From “She Knew I’d Be There” in Facing the Other Way.

Kids and Danelle July 05

It’s 1971. Melannie gets the job. She’s not alone in her interest in caring for people on the margins. Society and government were wrestling with the ideas of class and community and people in need, attempting to build a stronger social fabric while creating employment.

In fact, in the 70s Canada took a new approach to putting the unemployed to work. The baby boomers had arrived, needing jobs and summer employment. Canada was the first Western country to counter unemployment by spending money on job creation. But the grants took a twist. Canada let communities identify their own problems, and use the money to find their own solutions.
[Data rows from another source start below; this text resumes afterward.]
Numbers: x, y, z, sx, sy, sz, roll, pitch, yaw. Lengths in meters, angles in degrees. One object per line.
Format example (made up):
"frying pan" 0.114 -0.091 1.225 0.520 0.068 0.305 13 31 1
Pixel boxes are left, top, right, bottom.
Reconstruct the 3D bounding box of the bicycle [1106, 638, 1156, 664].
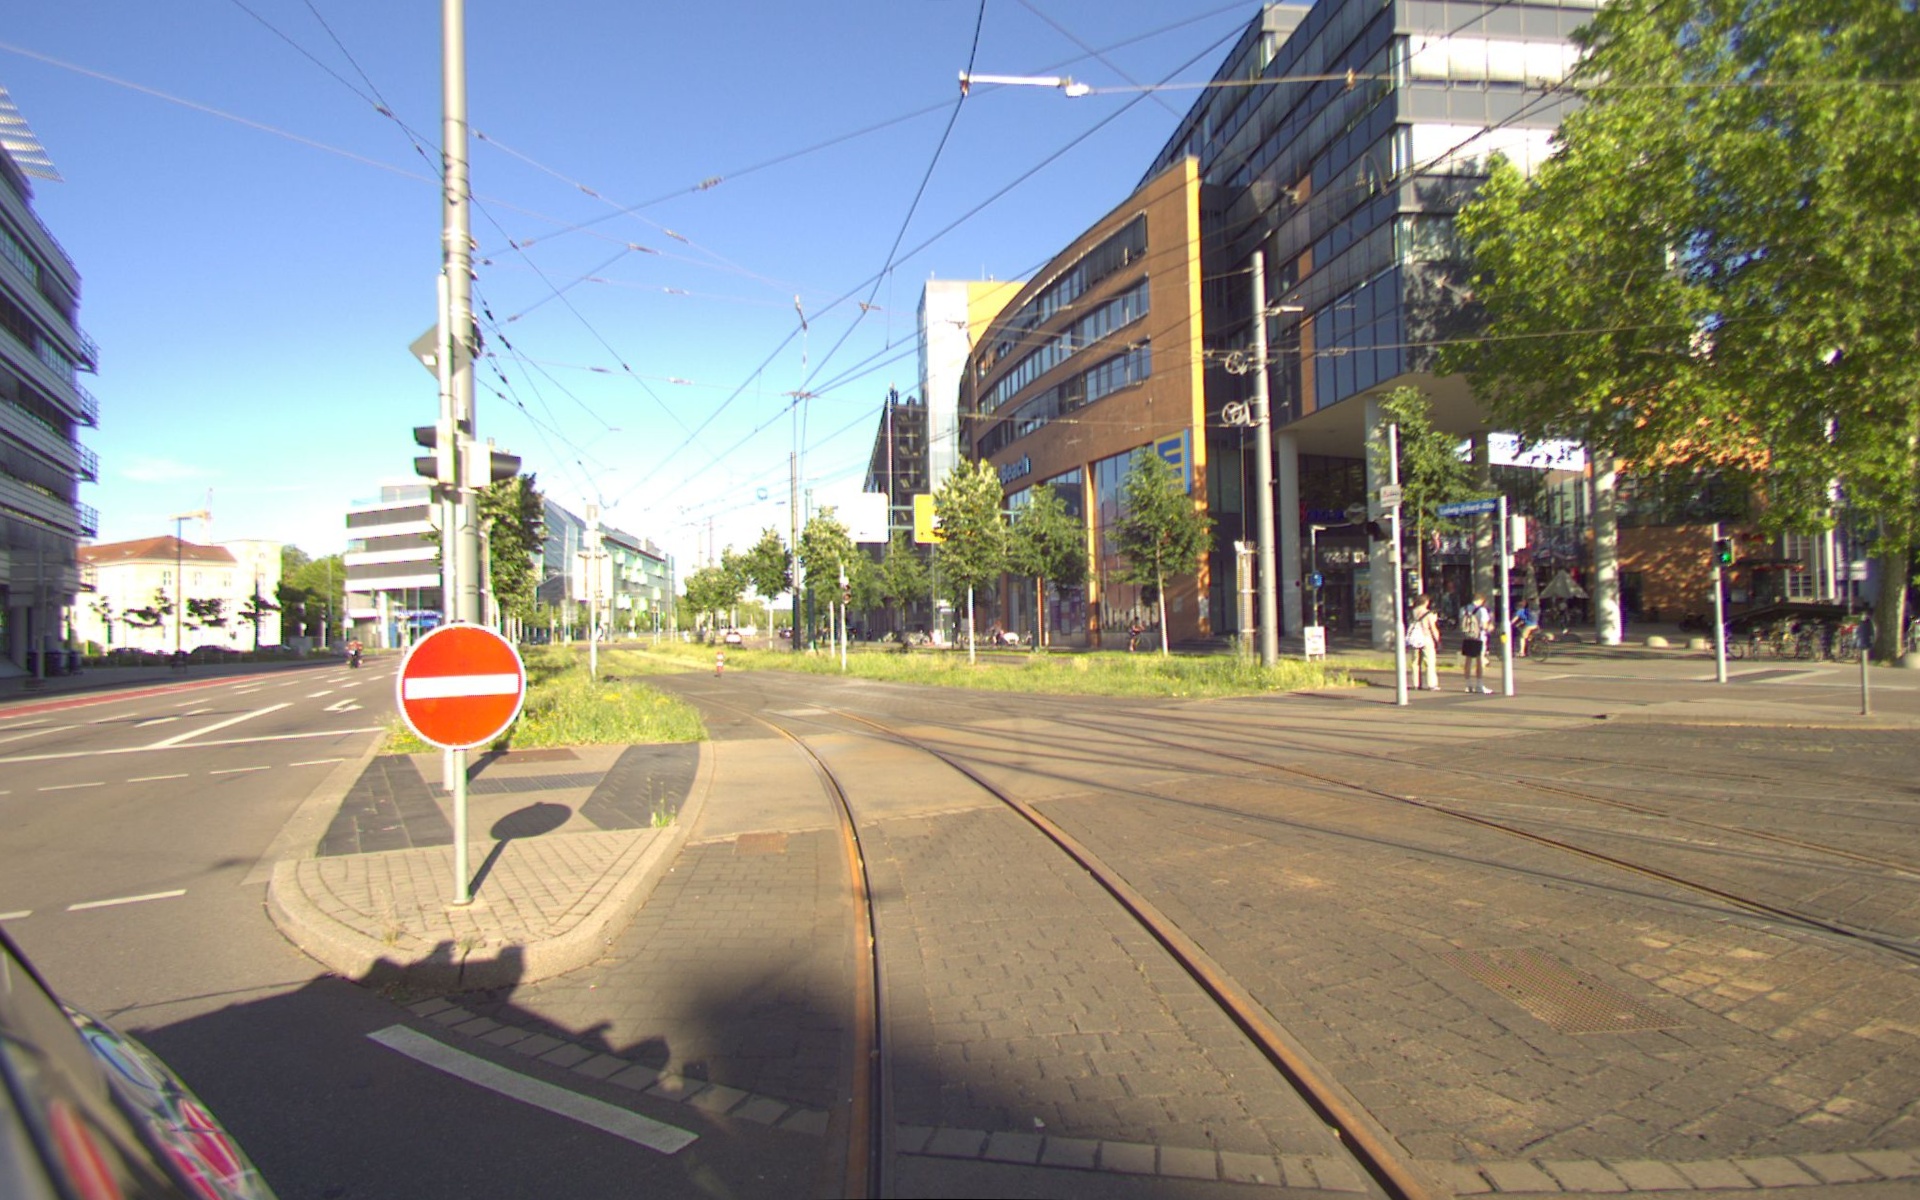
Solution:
"bicycle" 7.801 2.354 46.394 0.880 1.112 2.700 -1 -3 -24

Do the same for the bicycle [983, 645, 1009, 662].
"bicycle" 2.193 3.267 61.933 0.680 0.957 2.073 -1 -2 -25

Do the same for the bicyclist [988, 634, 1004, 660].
"bicyclist" 2.181 2.881 61.919 0.680 1.541 0.705 -1 -2 -25

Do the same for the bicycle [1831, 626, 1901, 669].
"bicycle" 26.328 1.377 29.415 2.326 1.137 0.601 -1 -3 -25

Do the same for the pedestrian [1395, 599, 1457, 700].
"pedestrian" 8.904 0.937 19.350 0.721 1.884 0.701 -1 -2 -25

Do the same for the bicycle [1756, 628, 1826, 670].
"bicycle" 24.360 1.443 29.663 2.326 1.137 0.601 -1 -3 -25

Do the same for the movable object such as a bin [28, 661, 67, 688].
"movable object such as a bin" -47.272 3.859 52.439 1.154 1.311 1.333 -1 -2 -24

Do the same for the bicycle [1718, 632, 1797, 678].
"bicycle" 21.549 1.472 27.337 2.326 1.137 0.601 -1 -3 -24

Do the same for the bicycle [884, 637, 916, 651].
"bicycle" -5.251 3.843 88.675 2.647 1.112 0.898 -2 -3 -14

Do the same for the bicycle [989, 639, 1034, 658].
"bicycle" 3.252 3.061 63.552 2.647 1.112 0.898 -2 -3 -14

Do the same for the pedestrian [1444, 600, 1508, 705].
"pedestrian" 9.476 0.954 18.604 0.721 1.884 0.675 -1 -2 -27

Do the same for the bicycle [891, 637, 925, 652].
"bicycle" -4.370 3.734 85.122 2.647 1.112 0.898 -2 -3 -14

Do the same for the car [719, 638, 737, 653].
"car" -24.303 4.748 106.146 1.601 1.539 4.813 -2 -2 -10

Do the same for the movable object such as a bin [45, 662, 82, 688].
"movable object such as a bin" -47.632 3.961 53.783 1.154 1.311 1.333 -1 -2 -24

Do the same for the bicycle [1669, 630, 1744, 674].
"bicycle" 21.356 1.481 28.939 2.326 1.137 0.601 -1 -3 -24

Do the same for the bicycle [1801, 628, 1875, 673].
"bicycle" 24.287 1.384 27.995 2.326 1.137 0.601 -1 -3 -25

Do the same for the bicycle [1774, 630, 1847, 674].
"bicycle" 24.067 1.464 28.627 2.326 1.137 0.601 -1 -3 -25

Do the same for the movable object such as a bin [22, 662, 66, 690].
"movable object such as a bin" -45.141 3.745 49.903 1.306 1.311 1.178 -1 -2 -24

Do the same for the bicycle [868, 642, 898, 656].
"bicycle" -7.151 4.553 93.997 2.647 1.112 0.898 -2 -3 -14

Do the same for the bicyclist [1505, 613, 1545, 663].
"bicyclist" 17.065 1.152 30.577 0.682 1.472 0.756 -1 -2 -25

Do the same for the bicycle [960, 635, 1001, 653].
"bicycle" 1.434 3.078 70.398 2.647 1.112 0.898 -2 -3 -14

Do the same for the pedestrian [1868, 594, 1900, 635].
"pedestrian" 37.924 0.609 41.551 0.693 1.665 0.701 -1 -2 -27

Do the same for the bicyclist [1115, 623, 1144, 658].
"bicyclist" 7.781 1.844 46.414 0.880 1.560 0.942 -1 -3 -24

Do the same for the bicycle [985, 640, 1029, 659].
"bicycle" 2.993 3.130 64.566 2.647 1.112 0.898 -2 -3 -14

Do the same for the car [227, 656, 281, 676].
"car" -60.675 5.686 87.039 3.762 1.543 1.733 -2 -2 12

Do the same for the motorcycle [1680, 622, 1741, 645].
"motorcycle" 36.801 1.672 49.663 0.818 1.066 2.349 -2 -2 -16

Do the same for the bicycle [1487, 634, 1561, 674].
"bicycle" 17.052 1.617 30.631 0.682 1.145 1.857 -1 -2 -25

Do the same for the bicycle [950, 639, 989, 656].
"bicycle" 0.699 3.508 74.486 2.647 1.112 0.898 -2 -3 -14

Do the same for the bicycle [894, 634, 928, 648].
"bicycle" -4.063 3.374 83.213 2.647 1.112 0.898 -2 -3 -14

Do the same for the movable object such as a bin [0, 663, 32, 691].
"movable object such as a bin" -46.374 3.760 49.374 1.306 1.311 1.178 -1 -2 -24

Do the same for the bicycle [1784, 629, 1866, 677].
"bicycle" 22.255 1.343 26.032 2.326 1.137 0.601 -1 -3 -24

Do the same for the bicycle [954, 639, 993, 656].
"bicycle" 0.978 3.446 73.334 2.647 1.112 0.898 -2 -3 -14

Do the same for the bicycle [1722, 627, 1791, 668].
"bicycle" 24.010 1.422 30.501 2.326 1.137 0.601 -1 -3 -25

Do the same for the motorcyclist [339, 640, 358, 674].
"motorcyclist" -34.035 3.173 56.327 0.807 1.871 1.116 0 -3 -27

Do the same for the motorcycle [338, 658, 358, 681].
"motorcycle" -33.937 3.846 56.131 0.807 1.230 2.262 0 -2 -27

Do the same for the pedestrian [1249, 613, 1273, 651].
"pedestrian" 13.905 1.460 46.712 0.721 1.718 0.701 -1 -2 -25
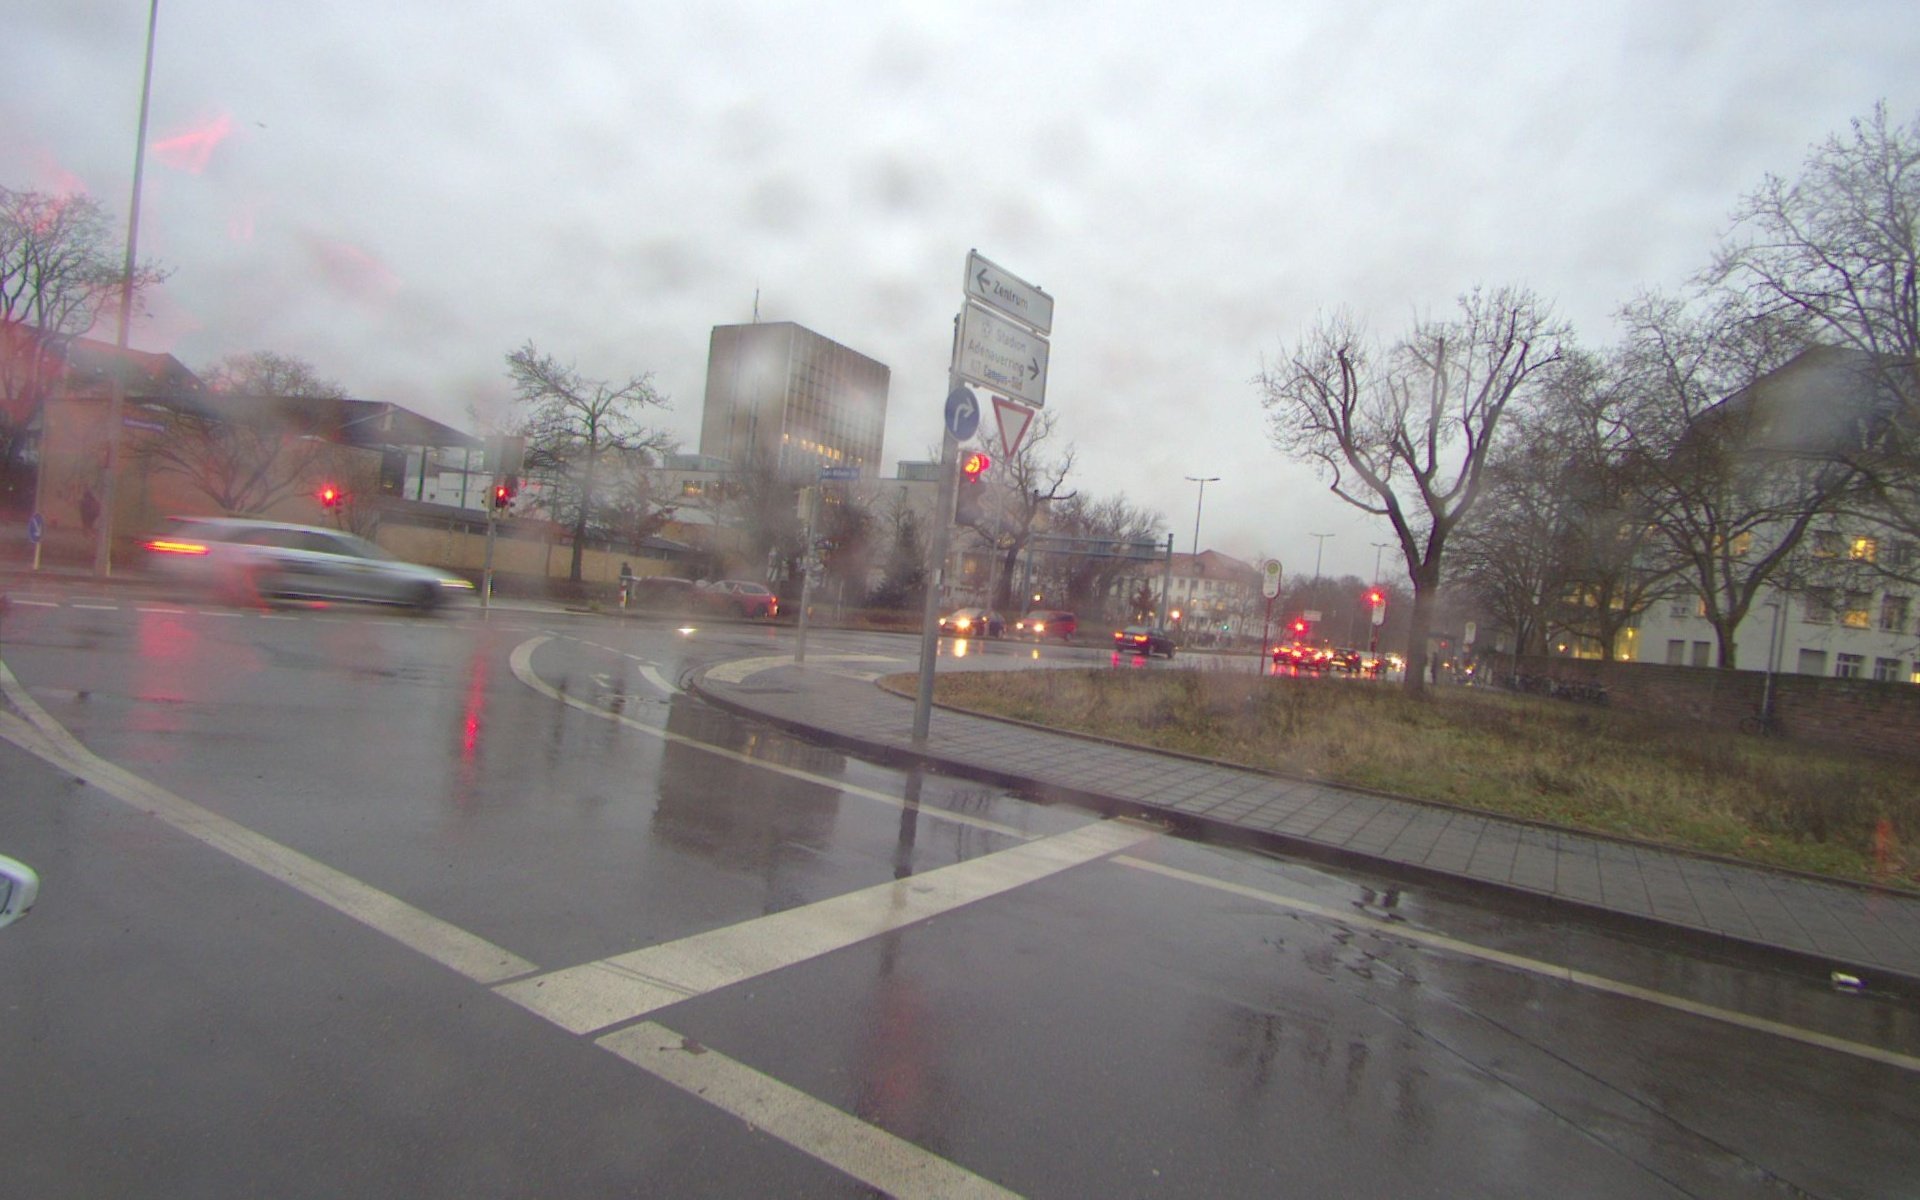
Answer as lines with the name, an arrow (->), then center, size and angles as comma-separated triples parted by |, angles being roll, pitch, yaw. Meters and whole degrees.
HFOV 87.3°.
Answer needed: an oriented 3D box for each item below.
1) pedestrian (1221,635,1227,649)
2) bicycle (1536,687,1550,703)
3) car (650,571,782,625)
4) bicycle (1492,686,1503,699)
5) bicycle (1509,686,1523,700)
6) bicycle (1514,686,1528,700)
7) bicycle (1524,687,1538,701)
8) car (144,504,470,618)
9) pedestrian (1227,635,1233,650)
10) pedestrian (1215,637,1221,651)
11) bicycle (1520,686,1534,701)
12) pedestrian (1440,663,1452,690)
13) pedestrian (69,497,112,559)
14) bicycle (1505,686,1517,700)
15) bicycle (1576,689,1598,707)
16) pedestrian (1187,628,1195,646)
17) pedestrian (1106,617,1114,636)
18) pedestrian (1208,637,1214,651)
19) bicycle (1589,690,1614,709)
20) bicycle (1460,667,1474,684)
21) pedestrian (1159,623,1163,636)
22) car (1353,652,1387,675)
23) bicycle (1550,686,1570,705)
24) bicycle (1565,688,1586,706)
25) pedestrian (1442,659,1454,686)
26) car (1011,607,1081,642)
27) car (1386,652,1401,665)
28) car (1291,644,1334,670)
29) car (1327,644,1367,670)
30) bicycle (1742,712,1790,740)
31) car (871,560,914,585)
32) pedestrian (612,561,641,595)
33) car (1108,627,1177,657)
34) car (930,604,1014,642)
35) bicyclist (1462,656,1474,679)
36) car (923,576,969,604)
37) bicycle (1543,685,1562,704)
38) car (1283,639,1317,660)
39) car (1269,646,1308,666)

Instead of building bridges, people created programs and projects in the arts and social services – “meaningful work.” Check out this paper on grants and policies in the seventies:

Idealism has its costs. Once you throw out society’s rules of order, how do you make decisions? Particularly when rescuing marginalized people who are uncooperative?

[At this week’s house meeting] Jim has a bone to pick with Emily. She’s writing finals for her education degree which means that’s all she’s thinking about. We made a rule after the last crasher ran off with our alcohol and food money that someone has to be responsible for every house guest or out they go. But this week Emily’s brought home Louise, who’s staying in the girls’ room, and she’s not looking after her. The girls come home tomorrow. So throw Louise out, right? Trouble is, our little house guest is a kid, and she has some kind of brain damage. She’s eating all our cereal and does nothing but sleep and watch TV.

The jobs created through those LIP and OFY grants offered lower wages, so that they didn’t entice people away from regular employment. In fact, I have always wondered if there is a direct line from the low wages in those to the struggle today to get decent wages for people who work in daycare and community services.